The Pecan Street Festival is the common name for the Old Pecan Street Spring and Fall Arts Festival, a free, bi-annual juried fine art and arts and crafts festival that is, as of May 2025, held at the Hill Country Galleria.

The festival was first held in Fall 1978. The festival includes juried original artists and artisans featuring painting, sculpture, wood, glass, jewelry, pottery, mosaics, candles, original clothing, etc.; five stages of live music, dance and performing arts; vendors; children's carnival, petting zoo, and art classes.

==History==

This downtown Austin festival was originally dreamed up, produced, funded and had event insurance secured by entrepreneur Marcy Fletcher and artist Michael Wolverton. It was a juried show that required artists and craftsmen to have actually produced the work they sold. The management was later handed over to French Smith III, and was later taken over through legal action by the Old Pecan Street Association in 1997. Roadstar Productions, Smith's company, continued to produce it for eight more years. In the fall of 2006, the Old Pecan Street Association selected Special Events Management to run the festival.

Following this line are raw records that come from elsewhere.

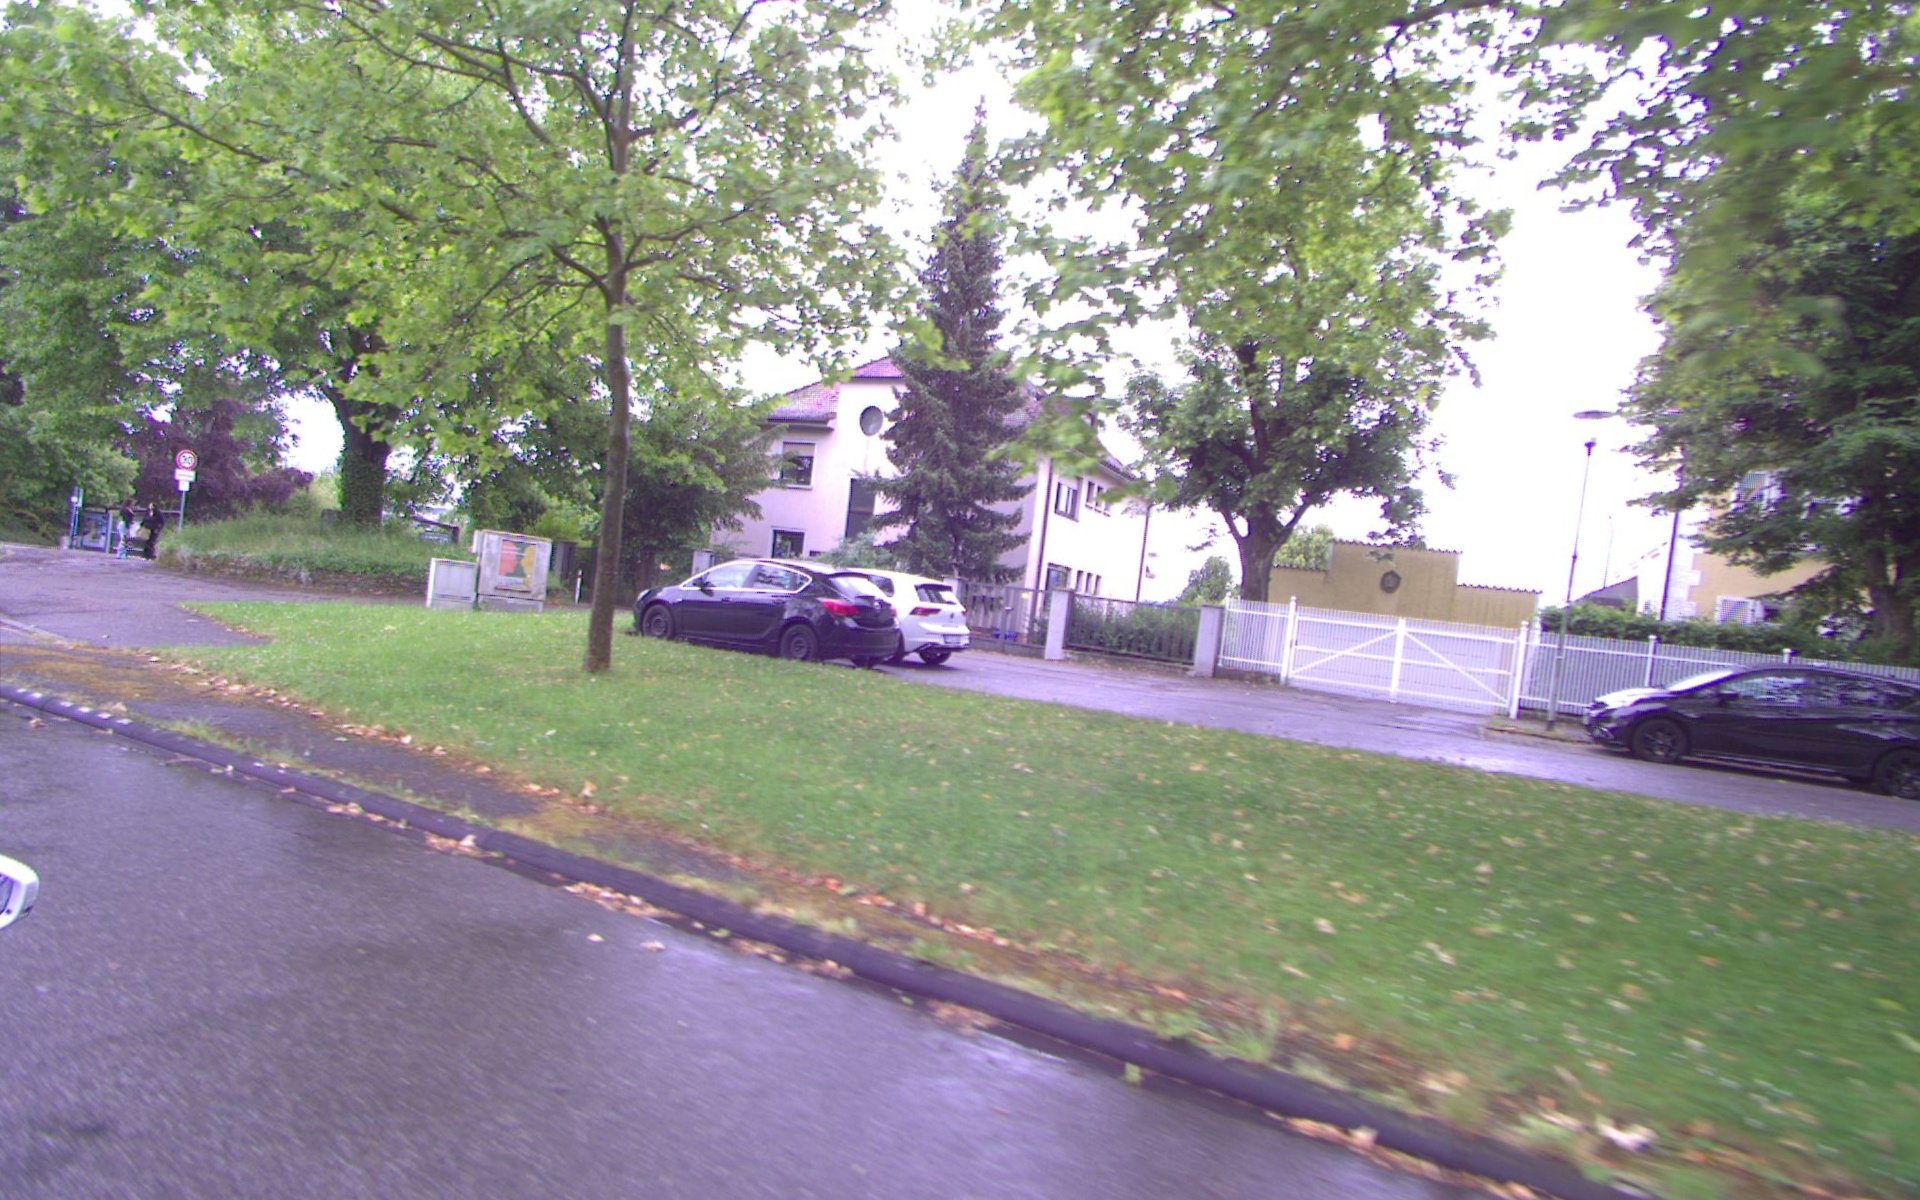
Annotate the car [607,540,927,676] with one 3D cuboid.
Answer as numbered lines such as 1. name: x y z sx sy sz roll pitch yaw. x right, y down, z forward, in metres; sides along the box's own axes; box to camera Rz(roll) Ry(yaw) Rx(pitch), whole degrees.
1. car: -2.920 0.068 14.898 4.520 1.490 1.765 6 2 30

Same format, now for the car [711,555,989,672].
1. car: -1.915 0.194 17.158 4.350 1.490 1.847 6 1 29

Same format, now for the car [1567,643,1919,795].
1. car: 10.977 1.619 13.776 4.280 1.487 1.766 6 -3 27

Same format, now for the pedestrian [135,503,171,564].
1. pedestrian: -24.127 -1.988 30.073 0.632 1.733 0.523 7 -1 -43

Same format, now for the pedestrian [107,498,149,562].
1. pedestrian: -23.991 -2.017 29.007 0.624 1.733 0.530 6 -1 17
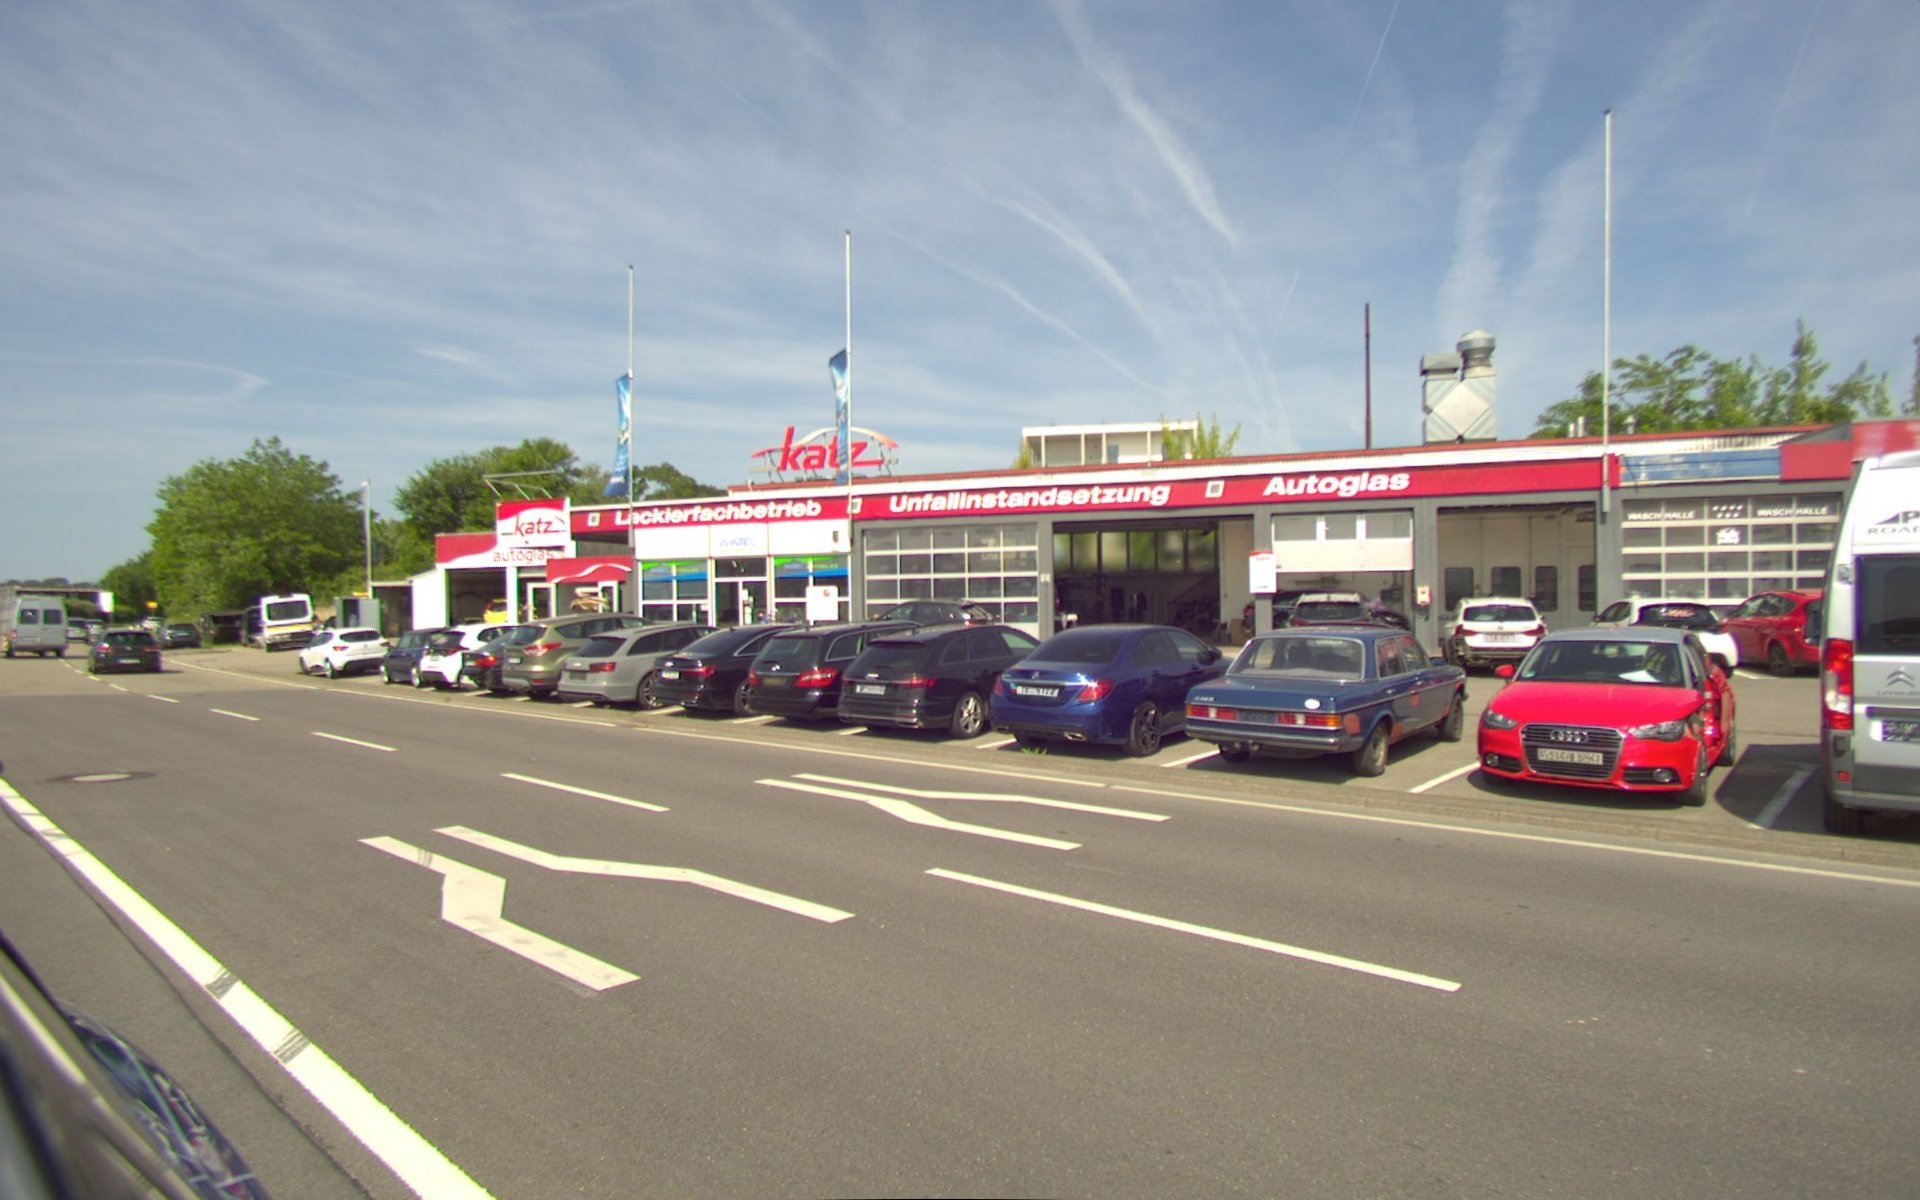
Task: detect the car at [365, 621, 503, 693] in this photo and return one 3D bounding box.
[{"bbox_3d":[-13.809,1.420,26.468,4.001,1.567,1.972,-1,3,44],"label":"car"}]

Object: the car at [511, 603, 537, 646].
[{"bbox_3d":[-19.158,1.057,44.417,0.868,1.850,0.847,0,-1,-36],"label":"car"}]

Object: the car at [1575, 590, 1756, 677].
[{"bbox_3d":[13.789,0.618,20.063,1.869,1.531,3.920,-1,-1,18],"label":"car"}]

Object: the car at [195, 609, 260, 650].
[{"bbox_3d":[-43.970,1.758,60.688,2.405,2.281,5.343,-1,-1,-44],"label":"car"}]

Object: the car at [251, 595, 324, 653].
[{"bbox_3d":[-31.935,1.127,48.223,2.399,2.563,6.060,-1,-1,-29],"label":"car"}]

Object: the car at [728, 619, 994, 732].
[{"bbox_3d":[-1.460,1.069,15.834,1.949,1.511,3.826,-1,-1,43],"label":"car"}]

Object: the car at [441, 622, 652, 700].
[{"bbox_3d":[-9.209,1.290,22.748,1.998,1.537,3.947,-1,-1,39],"label":"car"}]

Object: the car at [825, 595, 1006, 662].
[{"bbox_3d":[-1.198,0.756,27.037,4.508,1.667,1.860,-1,-1,24],"label":"car"}]

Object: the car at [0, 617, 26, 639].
[{"bbox_3d":[-79.765,2.350,84.608,2.023,1.837,4.517,2,-3,-38],"label":"car"}]

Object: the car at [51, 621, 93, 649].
[{"bbox_3d":[-60.061,2.353,68.408,2.024,1.837,4.514,2,-3,-42],"label":"car"}]

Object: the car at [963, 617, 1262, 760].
[{"bbox_3d":[2.038,0.963,12.682,1.905,1.465,3.945,-1,-1,41],"label":"car"}]

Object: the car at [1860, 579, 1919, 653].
[{"bbox_3d":[22.672,0.337,23.288,1.858,1.574,4.067,-1,1,26],"label":"car"}]

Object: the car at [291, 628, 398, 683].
[{"bbox_3d":[-18.850,1.644,30.919,4.000,1.425,1.742,-1,2,43],"label":"car"}]

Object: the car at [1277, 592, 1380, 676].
[{"bbox_3d":[8.019,0.686,21.820,1.864,1.631,3.969,-1,-1,23],"label":"car"}]

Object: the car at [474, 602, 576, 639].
[{"bbox_3d":[-20.919,0.958,48.829,1.863,1.667,4.502,-1,-1,22],"label":"car"}]

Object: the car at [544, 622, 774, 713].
[{"bbox_3d":[-5.596,1.185,19.205,1.737,1.504,3.925,-1,-1,38],"label":"car"}]

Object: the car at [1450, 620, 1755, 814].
[{"bbox_3d":[6.318,0.931,9.760,1.827,1.442,3.896,-1,-1,42],"label":"car"}]

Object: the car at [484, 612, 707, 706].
[{"bbox_3d":[-7.471,1.130,20.983,1.871,1.740,3.944,-1,-1,43],"label":"car"}]

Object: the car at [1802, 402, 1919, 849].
[{"bbox_3d":[8.255,0.164,7.991,2.177,2.794,5.506,-1,-1,42],"label":"car"}]

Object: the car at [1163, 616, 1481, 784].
[{"bbox_3d":[4.159,0.930,11.218,1.873,1.479,4.202,-1,-1,42],"label":"car"}]

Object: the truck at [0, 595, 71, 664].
[{"bbox_3d":[-41.169,1.280,44.448,6.038,2.858,2.410,-1,-1,41],"label":"truck"}]

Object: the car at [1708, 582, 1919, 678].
[{"bbox_3d":[16.171,0.532,19.263,1.902,1.630,3.975,-1,-1,18],"label":"car"}]

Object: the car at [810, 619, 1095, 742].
[{"bbox_3d":[0.014,1.020,14.411,1.945,1.463,3.945,-1,-1,41],"label":"car"}]

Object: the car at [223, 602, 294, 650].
[{"bbox_3d":[-39.503,1.447,56.916,2.405,2.563,5.343,-1,-1,-44],"label":"car"}]

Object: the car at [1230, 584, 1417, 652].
[{"bbox_3d":[9.620,0.483,26.818,4.447,1.667,1.858,-1,-1,28],"label":"car"}]

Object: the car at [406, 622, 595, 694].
[{"bbox_3d":[-11.137,1.340,24.702,1.940,1.562,3.750,-1,-1,40],"label":"car"}]

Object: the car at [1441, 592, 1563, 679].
[{"bbox_3d":[11.095,0.686,20.968,1.977,1.619,3.966,-1,-1,25],"label":"car"}]

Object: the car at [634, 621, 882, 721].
[{"bbox_3d":[-3.398,1.131,17.526,1.756,1.493,3.943,-1,-1,43],"label":"car"}]

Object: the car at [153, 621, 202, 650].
[{"bbox_3d":[-43.315,1.975,56.000,1.801,1.538,4.464,2,-3,-42],"label":"car"}]

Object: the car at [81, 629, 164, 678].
[{"bbox_3d":[-27.701,1.730,33.436,1.832,1.471,4.003,0,-1,-44],"label":"car"}]

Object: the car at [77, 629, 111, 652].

In 2025 the Pecan Street Festival moved to the Hill Country Galleria in Bee Cave, Texas with the following justification given:

Due to the recent restructuring of Historic Sixth Street and public safety concerns, the May 2025 Pecan Fest will take place at Hill Country Galleria. Enjoy free parking and free admission, a clean and safe environment, and all the amenities of the Pecan Street Festival you know and love.